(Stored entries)
Segment Open

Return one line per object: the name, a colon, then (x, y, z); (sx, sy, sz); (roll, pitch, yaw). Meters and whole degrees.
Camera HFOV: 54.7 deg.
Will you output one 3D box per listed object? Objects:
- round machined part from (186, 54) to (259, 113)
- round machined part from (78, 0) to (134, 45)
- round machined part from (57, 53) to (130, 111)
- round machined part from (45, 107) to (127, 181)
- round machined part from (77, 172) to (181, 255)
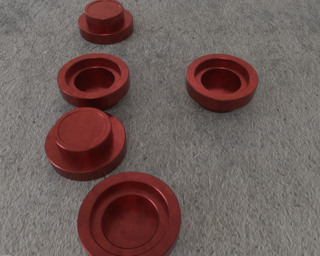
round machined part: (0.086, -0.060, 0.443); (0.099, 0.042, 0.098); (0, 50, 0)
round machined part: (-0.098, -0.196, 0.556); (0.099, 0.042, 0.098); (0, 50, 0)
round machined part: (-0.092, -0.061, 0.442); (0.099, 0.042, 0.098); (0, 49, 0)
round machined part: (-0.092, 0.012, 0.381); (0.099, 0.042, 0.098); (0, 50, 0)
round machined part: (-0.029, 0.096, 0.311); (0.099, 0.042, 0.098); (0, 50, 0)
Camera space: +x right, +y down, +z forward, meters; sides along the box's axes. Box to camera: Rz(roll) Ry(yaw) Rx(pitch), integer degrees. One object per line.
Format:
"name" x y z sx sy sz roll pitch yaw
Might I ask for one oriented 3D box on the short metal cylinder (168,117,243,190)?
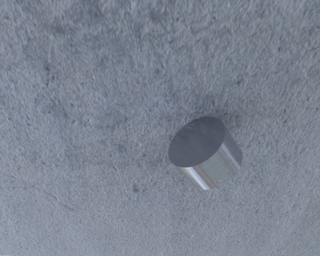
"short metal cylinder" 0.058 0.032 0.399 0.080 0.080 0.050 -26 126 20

Segment Closed
Segment Open

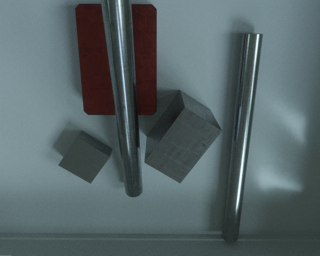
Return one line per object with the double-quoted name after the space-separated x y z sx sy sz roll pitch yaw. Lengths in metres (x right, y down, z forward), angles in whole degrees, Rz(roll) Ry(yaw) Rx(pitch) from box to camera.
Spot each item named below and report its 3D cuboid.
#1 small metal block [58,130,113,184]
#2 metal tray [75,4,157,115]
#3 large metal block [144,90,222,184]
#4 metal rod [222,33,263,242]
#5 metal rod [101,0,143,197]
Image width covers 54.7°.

Segment Closed

Your answer should be a single number: the tally of lines in the entries that include the word "forward".

** RESPONSE TO THE EXERCISE **
2